Stratified Primary Care Model This is a SEEIIR model, a modified version of the model developed to reconstruct the 2009 H1N1 influenza pandemic [11, 21, 22]. The model uses daily (or weekly) data on the number of GP consultations for ILI from the PHE influenza surveillance dataset augmented with the RCGP’s virological data to estimate the component of ILI due to influenza. In the first week of analysis, the number of ILI consultations due to influenza were simply estimated by multiplying the total number of consultations in sentinel RCGP practices by the proportion of swabs testing positive for an influenza virus, obtaining what we term ILI+. When more detailed data became available, it was possible to model jointly daily ILI counts and swab positivity data, appropriately accounting for the size of the virological samples, and to specify distinct epidemic models in each of five regions in England [22]. A definition of the regions used is available in the Web Extra Material (Section B.1.1). When using ILI rather than ILI+, it is necessary to account for "background" rates of consultation, the component of ILI not attributable to influenza. This level of consultation is estimated by fitting an endemic/epidemic model [23] to 3 years of historic ILI data prior to the 2017/2018 flu season.

Strain-Specific Model The SS model has an SIR structure for each of the three influenza strains (A/H1, A/H3 and B), which are assumed to transmit independently within the population [24]. The model uses weekly GP consultations for ILI from the RCGP RSC, together with the strain-specific virological data from the RCGP RSC’s virological monitoring to identify the contribution of each strain to the overall number of consultations. Serological data were used to inform strain-specific susceptibility at the start of the season.

ICU-based Model The ICU model for seasonal influenza represents a development of an existing influenza SEEIIR transmission model, which uses intensive care influenza admissions from the USISS system [25]. The transmission rate is allowed to vary over time to account for school holiday periods and the possible effects of changing patterns of interaction between age groups [26]. Transmission dynamics are linked to the observed ICU admissions through a delay from infection to admission and through the assumption that only a proportion of the infections is admitted to ICU.

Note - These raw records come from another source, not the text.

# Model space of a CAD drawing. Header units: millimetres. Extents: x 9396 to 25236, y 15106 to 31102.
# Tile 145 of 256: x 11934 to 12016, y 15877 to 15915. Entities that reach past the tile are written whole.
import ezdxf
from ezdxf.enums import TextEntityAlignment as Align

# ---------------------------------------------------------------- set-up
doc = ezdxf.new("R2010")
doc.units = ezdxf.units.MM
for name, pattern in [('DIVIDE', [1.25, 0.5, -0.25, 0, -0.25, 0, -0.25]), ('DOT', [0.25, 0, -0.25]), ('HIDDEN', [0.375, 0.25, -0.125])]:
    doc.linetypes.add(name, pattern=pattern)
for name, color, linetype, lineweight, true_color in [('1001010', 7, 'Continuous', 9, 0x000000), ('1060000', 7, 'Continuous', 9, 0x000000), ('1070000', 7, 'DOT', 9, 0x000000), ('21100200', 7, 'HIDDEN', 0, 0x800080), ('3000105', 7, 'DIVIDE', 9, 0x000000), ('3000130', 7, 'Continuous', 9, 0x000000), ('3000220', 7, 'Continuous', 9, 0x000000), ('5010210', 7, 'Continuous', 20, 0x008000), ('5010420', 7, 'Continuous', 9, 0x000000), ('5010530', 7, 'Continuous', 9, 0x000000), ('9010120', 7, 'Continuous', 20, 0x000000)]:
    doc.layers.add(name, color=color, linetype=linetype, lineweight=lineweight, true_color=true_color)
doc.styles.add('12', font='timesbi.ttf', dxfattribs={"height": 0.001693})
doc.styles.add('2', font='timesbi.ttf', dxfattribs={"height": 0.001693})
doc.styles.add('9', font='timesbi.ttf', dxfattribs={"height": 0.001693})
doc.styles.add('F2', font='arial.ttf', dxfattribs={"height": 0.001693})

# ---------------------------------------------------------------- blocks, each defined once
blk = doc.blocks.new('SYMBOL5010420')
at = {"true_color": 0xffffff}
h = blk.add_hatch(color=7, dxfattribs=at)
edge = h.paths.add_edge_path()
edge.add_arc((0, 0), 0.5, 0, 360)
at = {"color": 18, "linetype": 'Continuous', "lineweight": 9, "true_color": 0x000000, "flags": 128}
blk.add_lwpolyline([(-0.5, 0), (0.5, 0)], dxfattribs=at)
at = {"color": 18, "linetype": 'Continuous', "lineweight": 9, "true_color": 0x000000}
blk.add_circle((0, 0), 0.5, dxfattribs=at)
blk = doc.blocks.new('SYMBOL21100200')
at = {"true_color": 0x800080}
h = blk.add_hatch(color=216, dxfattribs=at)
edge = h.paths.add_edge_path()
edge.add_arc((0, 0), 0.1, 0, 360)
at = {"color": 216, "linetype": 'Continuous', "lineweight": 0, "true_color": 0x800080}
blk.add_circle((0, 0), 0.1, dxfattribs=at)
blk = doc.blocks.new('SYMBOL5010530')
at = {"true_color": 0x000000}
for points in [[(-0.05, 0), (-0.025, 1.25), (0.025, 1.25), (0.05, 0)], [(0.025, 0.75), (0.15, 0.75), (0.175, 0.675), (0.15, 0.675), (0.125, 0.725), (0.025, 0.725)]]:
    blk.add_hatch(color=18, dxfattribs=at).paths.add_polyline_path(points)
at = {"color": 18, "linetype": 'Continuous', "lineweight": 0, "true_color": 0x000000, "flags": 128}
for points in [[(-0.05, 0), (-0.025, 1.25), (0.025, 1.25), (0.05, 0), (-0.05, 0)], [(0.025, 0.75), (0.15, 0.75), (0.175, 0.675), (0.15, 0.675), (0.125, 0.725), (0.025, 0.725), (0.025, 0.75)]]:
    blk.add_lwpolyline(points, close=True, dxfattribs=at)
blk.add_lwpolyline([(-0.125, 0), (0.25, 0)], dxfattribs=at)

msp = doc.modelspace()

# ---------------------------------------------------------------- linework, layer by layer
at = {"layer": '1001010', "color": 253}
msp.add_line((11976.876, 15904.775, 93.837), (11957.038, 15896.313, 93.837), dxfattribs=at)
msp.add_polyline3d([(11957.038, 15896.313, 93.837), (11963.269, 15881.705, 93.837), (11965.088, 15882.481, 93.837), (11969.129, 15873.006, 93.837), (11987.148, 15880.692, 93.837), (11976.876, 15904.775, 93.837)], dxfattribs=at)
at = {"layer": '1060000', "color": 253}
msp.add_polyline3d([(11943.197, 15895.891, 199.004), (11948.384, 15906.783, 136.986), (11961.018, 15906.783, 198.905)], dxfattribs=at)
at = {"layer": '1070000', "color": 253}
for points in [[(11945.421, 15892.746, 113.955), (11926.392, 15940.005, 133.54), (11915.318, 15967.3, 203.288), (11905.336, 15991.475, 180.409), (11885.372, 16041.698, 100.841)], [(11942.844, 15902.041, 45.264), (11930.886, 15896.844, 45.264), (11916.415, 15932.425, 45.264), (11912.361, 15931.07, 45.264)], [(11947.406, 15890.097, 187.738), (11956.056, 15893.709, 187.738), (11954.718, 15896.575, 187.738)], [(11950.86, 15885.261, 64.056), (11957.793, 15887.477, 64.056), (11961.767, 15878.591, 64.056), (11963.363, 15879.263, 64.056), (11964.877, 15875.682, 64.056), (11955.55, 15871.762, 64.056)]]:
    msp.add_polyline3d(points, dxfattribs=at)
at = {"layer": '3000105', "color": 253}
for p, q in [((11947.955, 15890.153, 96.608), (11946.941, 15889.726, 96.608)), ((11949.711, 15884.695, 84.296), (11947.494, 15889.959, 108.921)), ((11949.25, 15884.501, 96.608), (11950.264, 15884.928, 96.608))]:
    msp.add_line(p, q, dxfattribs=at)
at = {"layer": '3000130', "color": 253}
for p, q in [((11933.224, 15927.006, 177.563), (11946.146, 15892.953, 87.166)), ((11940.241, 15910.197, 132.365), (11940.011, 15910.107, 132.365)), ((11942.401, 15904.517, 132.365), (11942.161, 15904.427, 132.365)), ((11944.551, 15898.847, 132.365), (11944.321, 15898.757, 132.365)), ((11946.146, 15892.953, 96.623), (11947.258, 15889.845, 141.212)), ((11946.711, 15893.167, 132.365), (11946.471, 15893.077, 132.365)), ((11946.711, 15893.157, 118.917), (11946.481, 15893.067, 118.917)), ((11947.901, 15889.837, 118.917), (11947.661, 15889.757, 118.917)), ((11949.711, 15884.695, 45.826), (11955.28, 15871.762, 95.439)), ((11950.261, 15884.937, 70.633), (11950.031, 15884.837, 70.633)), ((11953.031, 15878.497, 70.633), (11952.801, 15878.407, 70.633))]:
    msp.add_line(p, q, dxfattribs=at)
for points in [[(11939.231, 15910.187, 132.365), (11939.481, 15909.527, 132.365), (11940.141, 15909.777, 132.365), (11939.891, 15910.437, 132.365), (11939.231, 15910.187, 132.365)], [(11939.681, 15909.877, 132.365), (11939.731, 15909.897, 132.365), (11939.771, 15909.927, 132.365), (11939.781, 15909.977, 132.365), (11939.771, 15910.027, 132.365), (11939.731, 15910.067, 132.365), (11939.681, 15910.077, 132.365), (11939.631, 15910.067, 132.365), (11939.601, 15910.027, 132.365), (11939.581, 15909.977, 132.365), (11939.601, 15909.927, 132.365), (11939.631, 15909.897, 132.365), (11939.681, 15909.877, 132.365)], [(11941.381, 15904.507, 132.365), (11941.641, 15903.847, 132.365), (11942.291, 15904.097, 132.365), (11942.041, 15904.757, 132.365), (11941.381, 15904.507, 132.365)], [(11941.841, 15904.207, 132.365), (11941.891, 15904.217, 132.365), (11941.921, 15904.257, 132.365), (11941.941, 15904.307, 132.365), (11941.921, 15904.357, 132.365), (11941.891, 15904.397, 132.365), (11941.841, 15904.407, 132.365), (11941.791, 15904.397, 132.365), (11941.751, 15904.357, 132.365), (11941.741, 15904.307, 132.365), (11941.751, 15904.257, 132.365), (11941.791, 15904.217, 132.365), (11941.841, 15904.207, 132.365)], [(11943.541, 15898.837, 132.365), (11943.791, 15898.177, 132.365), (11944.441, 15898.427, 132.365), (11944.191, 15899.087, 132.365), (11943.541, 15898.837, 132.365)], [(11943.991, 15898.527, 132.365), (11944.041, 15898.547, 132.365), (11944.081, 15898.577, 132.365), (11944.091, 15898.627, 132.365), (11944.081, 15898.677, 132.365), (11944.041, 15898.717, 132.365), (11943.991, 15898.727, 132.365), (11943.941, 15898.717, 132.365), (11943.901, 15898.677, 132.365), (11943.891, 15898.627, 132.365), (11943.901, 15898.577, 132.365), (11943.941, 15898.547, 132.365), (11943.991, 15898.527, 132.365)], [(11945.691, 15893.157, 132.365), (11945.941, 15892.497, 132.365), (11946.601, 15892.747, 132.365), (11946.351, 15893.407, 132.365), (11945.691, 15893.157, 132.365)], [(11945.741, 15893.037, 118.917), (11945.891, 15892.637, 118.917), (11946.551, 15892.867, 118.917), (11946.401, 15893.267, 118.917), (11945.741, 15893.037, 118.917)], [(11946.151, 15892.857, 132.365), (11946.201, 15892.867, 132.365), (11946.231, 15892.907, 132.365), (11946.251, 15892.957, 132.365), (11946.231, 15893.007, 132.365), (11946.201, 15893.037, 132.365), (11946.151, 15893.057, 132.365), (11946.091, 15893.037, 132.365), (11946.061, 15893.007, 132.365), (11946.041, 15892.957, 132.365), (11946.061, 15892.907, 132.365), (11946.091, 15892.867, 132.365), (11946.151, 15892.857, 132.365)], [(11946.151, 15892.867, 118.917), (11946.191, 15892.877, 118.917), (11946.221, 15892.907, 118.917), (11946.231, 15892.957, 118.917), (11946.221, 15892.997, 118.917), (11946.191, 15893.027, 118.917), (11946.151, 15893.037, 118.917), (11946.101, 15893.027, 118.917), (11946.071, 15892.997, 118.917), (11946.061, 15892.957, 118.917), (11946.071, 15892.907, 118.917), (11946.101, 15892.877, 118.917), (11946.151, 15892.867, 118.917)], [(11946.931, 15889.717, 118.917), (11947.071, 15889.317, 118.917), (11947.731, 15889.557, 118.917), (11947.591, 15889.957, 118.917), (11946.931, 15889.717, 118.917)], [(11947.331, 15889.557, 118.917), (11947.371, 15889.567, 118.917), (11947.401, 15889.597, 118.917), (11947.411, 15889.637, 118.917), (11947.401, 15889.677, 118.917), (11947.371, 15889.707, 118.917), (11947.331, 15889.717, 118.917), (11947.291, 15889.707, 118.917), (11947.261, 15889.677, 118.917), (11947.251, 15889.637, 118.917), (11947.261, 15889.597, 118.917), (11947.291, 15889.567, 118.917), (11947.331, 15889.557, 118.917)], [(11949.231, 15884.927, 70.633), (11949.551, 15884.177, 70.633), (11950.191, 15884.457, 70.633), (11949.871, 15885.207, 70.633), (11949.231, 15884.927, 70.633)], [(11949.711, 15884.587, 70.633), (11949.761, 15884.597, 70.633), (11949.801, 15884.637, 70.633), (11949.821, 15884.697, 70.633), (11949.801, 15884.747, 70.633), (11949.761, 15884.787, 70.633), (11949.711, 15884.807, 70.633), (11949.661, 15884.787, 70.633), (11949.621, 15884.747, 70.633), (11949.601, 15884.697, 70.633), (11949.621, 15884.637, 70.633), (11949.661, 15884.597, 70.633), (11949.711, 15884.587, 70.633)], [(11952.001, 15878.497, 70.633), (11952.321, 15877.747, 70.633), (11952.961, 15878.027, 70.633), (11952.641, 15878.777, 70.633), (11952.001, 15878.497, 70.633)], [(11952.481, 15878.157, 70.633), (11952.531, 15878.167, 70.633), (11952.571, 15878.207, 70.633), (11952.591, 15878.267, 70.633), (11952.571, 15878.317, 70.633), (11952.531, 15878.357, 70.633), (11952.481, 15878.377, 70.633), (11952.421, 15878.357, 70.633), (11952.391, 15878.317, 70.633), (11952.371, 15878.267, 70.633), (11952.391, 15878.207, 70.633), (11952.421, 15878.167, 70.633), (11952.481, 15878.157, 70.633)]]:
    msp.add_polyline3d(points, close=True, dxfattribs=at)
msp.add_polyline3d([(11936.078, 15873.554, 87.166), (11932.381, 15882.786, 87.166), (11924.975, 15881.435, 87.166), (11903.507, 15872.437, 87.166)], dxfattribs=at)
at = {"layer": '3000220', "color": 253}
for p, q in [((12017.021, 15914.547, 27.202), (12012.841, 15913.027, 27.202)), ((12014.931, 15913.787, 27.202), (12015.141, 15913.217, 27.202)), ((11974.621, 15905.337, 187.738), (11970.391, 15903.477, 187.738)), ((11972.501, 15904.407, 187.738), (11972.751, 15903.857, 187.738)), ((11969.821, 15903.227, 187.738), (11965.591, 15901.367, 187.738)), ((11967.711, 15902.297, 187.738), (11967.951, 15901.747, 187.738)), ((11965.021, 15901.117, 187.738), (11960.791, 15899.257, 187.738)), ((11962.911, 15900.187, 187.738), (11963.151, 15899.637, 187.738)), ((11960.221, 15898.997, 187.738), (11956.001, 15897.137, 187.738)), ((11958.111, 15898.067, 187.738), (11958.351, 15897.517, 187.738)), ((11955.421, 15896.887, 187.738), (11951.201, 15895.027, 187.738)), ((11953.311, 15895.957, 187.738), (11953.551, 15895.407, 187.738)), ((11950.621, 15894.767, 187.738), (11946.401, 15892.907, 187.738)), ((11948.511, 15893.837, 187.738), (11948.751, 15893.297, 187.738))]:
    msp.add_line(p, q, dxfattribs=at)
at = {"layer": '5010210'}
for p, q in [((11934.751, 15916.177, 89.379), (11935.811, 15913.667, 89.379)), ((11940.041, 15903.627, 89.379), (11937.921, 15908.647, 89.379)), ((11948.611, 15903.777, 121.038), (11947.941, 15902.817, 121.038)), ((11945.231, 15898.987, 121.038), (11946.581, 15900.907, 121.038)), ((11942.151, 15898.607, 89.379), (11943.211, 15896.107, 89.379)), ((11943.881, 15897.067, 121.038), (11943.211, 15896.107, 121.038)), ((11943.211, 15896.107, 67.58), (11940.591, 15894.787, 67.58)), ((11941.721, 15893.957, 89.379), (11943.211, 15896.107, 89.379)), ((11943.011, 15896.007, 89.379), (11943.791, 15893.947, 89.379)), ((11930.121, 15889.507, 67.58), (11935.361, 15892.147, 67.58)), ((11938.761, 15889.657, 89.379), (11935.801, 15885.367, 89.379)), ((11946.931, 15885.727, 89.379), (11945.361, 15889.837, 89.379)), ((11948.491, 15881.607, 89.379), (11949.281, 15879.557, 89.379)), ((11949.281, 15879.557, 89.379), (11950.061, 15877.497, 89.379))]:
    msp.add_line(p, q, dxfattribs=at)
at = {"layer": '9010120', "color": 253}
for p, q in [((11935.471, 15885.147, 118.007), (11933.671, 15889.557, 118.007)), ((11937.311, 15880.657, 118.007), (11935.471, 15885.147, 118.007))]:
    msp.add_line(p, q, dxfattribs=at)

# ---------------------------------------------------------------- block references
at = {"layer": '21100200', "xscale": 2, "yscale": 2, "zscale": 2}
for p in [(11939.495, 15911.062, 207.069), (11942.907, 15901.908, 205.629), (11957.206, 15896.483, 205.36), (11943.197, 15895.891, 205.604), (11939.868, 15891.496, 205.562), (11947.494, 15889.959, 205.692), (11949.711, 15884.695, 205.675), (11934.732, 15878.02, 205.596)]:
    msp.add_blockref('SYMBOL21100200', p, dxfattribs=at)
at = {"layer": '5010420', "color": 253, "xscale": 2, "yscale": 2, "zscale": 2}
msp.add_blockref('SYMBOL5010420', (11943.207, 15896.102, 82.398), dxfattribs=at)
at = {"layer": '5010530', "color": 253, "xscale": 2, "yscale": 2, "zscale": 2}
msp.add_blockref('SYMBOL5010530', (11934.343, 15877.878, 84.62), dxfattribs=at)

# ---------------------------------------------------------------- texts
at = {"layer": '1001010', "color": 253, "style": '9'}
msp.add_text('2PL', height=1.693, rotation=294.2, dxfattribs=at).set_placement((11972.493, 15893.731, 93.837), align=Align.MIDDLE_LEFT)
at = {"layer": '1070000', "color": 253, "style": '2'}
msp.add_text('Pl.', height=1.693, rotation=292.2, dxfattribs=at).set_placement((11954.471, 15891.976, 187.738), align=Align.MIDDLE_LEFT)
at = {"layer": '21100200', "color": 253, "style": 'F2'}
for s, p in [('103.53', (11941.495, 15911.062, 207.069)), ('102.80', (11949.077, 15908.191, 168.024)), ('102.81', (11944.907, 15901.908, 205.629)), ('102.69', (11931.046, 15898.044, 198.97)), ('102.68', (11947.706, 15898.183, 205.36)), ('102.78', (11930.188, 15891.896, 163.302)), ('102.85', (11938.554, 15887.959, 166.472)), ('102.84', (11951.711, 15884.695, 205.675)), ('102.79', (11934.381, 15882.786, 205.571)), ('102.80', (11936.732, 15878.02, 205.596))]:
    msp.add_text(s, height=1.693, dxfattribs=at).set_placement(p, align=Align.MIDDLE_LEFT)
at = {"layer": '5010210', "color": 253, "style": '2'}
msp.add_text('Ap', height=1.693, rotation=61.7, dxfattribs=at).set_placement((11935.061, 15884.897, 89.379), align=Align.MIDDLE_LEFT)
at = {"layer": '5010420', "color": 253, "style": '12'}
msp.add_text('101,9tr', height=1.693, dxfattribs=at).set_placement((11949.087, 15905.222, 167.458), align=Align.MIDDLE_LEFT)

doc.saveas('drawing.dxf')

Synthesis Model The synthesis model uses three data streams to estimate the underlying transmission dynamics: ICU and hospital admissions from USISS and the ILI+ dataset derived from RCGP surveillance. Transmission dynamics are described by a SEEIIR model assuming a constant transmission rate and random mixing. The basic feature of the disease reporting process are taken from previous studies [15, 21, 25].

Estimation of parameters and quantities of interest

Using weeks as defined by the International Organisation for Standardization (ISO), the above models were run weekly in each of weeks 1 to 12 of 2018, with all analyses covering the period from week 40 of 2017 (denoted 2017w40), which started on the 2nd October. For each week and each model, we estimate model parameters (see Table S1 in the Web Extra Material) in a Bayesian framework. Quantities that can be estimated from all models and have a common interpretation were the focus of comparisons. In particular, we estimated features of the epidemic that are of great public health interest, including the timing and magnitude of the peak in the burden on healthcare services (influenza-related visits to GPs, hospital and ICU admissions); Re(t), the effective reproduction number, representing the average number of infections generated by a single infection in the population (see Web Extra Material); and the propensity of infected cases to interact with the particular healthcare services (GP, Hospital, ICU). In deterministic models, the reproduction number decays over time with the depletion of susceptibles, so estimates of its value at the start of the influenza season only are presented and this quantity is denoted ReRe(0).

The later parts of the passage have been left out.